= Interpretive communities =

Approach to literary criticism

Interpretive communities are a theoretical concept stemming from reader-response criticism and publicized by Stanley Fish although it was in use in other fields and may be found as early as 1964 in the "Historical News and Notices" of the Tennessee Historical Quarterly (p. 98) and also, and again before Fish's usage, in Richard Crouter's 1974 "H. Reinhold Neibuhr and Stoicism" in The Journal of Religious Ethics.
They appeared in an article by Fish in 1976 entitled "Interpreting the Variorum". Fish's theory states that a text does not have meaning outside of a set of cultural assumptions regarding both what the characters mean and how they should be interpreted. This cultural context often includes authorial intent, though it is not limited to it. Fish claims that we as individuals interpret texts because each of us is part of an interpretive community that gives us a particular way of reading a text. Furthermore, he claims, we cannot know whether someone is a part of our interpretive community or not, because any act of communication that we could engage in to tell whether we are part of the same interpretive community would have to be interpreted. That is, because we cannot escape our interpretive community, we can never really know its limits.

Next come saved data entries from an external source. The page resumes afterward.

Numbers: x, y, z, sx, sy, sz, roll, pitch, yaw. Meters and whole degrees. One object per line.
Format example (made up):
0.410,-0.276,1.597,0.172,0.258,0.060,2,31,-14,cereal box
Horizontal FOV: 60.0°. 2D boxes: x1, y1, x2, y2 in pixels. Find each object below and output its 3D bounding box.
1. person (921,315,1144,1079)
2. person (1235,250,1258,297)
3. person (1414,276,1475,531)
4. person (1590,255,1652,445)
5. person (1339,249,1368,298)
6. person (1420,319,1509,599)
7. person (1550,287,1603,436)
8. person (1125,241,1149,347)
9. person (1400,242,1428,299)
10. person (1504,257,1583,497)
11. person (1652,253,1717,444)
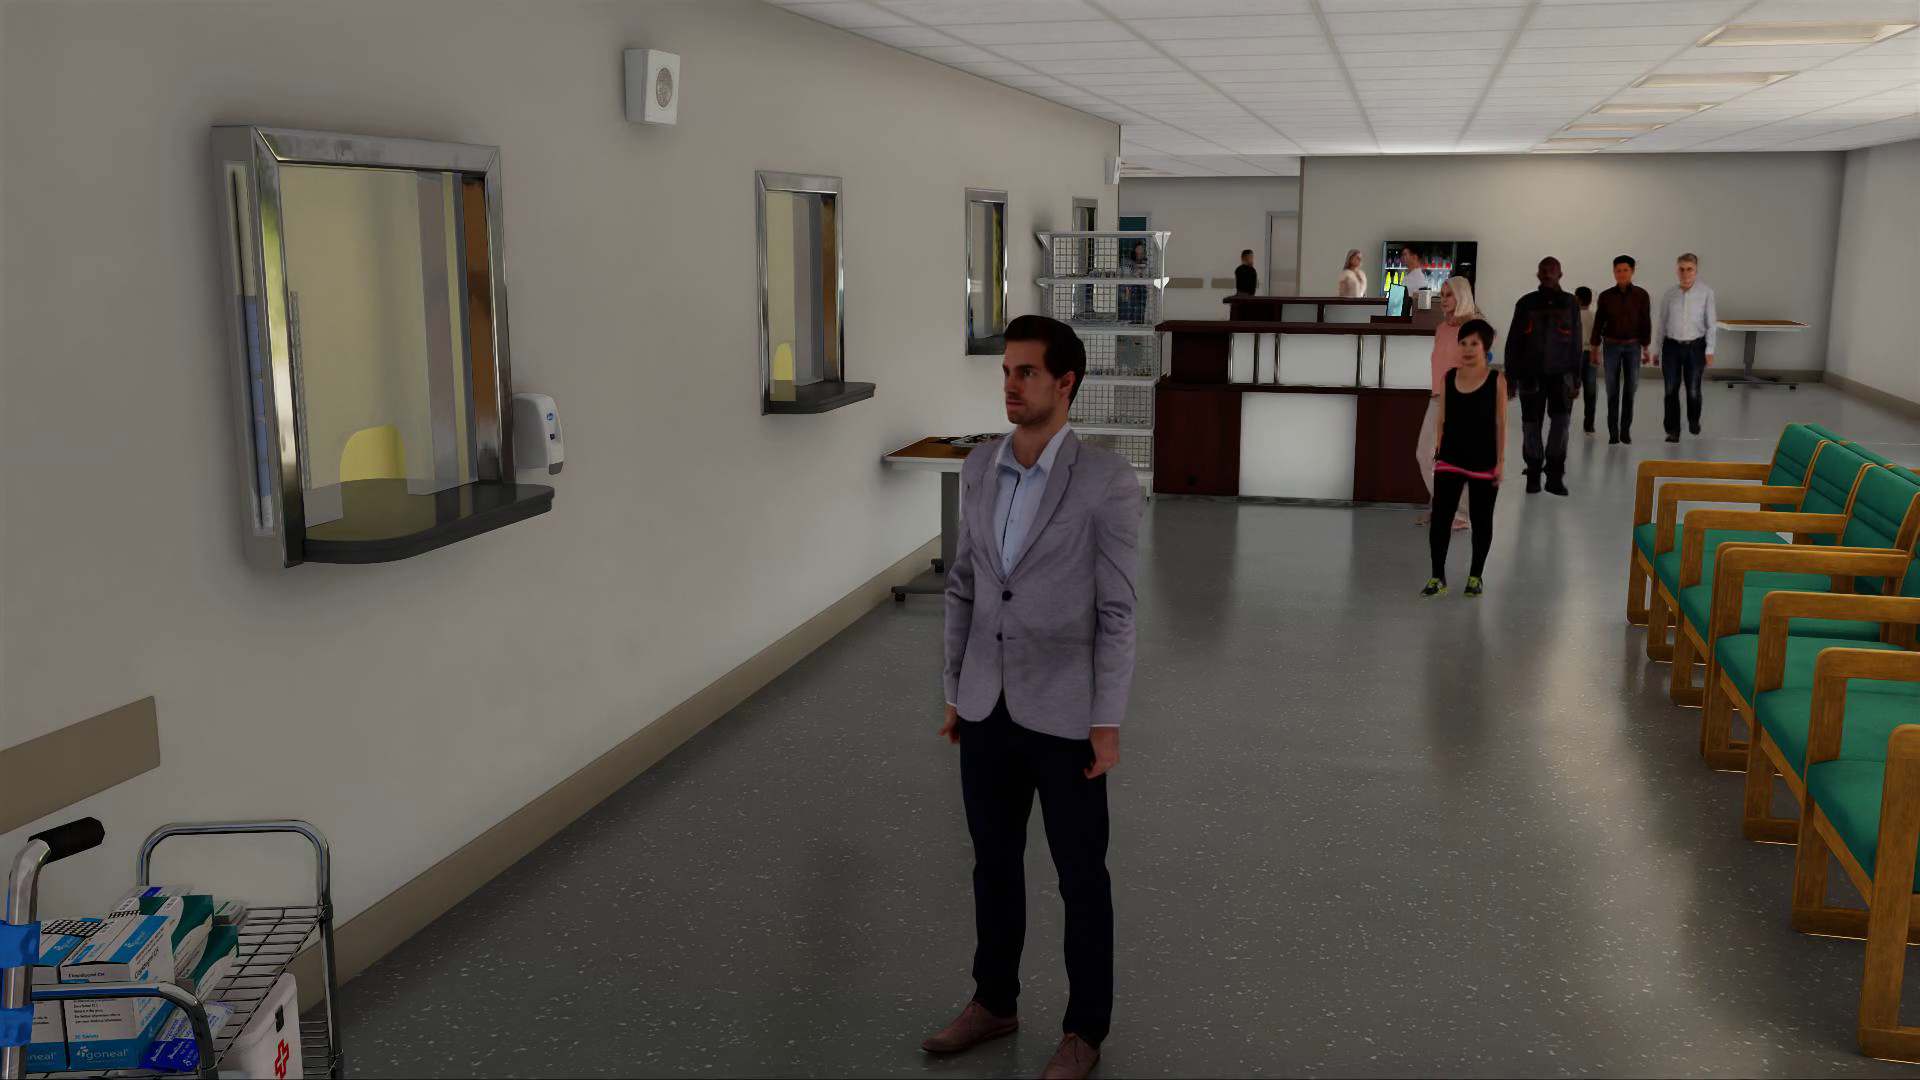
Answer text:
0.190,0.382,4.026,0.660,1.853,0.814,8,13,37,person
4.412,-3.711,26.189,1.006,1.631,1.060,-9,14,-41,person
3.412,-0.911,11.224,0.799,1.711,0.739,-6,12,-30,person
6.227,-1.784,15.663,0.642,1.769,0.786,4,12,22,person
5.193,-3.020,22.405,1.074,1.686,1.244,-8,14,-37,person
2.857,-0.448,9.243,0.728,1.539,0.707,5,12,26,person
6.128,-1.743,16.355,0.850,1.433,0.760,1,11,4,person
2.968,-4.185,28.278,0.945,1.767,1.026,-9,14,-40,person
5.021,-2.324,18.323,1.112,1.840,0.792,1,11,5,person
4.519,-1.273,12.867,0.772,1.809,0.782,3,11,14,person
6.845,-1.793,15.669,0.973,1.786,0.950,7,13,34,person

The idea has been very influential in reader-response criticism, though it has also been very controversial. It is sometimes interpreted as a relativistic standpoint that downplays verbal meaning. Fish, contrary to this, is a staunch advocate of his own readings of various texts. Rather, with "interpretative communities" he means to point out that readings of a text are culturally constructed.

== Interpretive communities and climate change models ==
In a 2016 article, anthropologist Shirley J. Fiske argues for the existence of interpretive communities regarding climate change. Fiske states in the article that ”climate skeptics are the disengaged, the doubtful, and the dismissive when it comes to global warming, and they are the least concerned and least motivated to do anything about it,” and argues that climate skepticism is less a single category but instead a continuum. Fiske distinguishes between two kinds of “climate skepticism.” One kind is politically motivated and polarizing language, while the other comes from a belief system or some other cultural framework. The second kind of climate skepticism relates to the idea of interpretive communities.

Fiske uses the concept of interpretive communities to argue that there are a variety of culturally-driven mindsets about climate change. These interpretive communities are shaped by various factors, including political affiliations, regional identities, and cultural perspectives. Fiske further links this idea to the argument that the two kinds of skepticism are not the same, although there may be some overlap between the two. Through ethnographic research on farmers in Dorchester County, Maryland, Fiske determined two different cultural models regarding climate change which can be viewed as interpretive communities. The first cultural model is climate change as natural change. In this model, farmers interpreted the changes they observed, such as rising tides and summer droughts, as part of the patterns and cycles of nature. The second cultural model is climate change as environmental change (human-caused). In this model, farmers interpreted observed changes as the result of human action. Both models are shaped by cultural assumptions of the farmers regarding nature and how it works.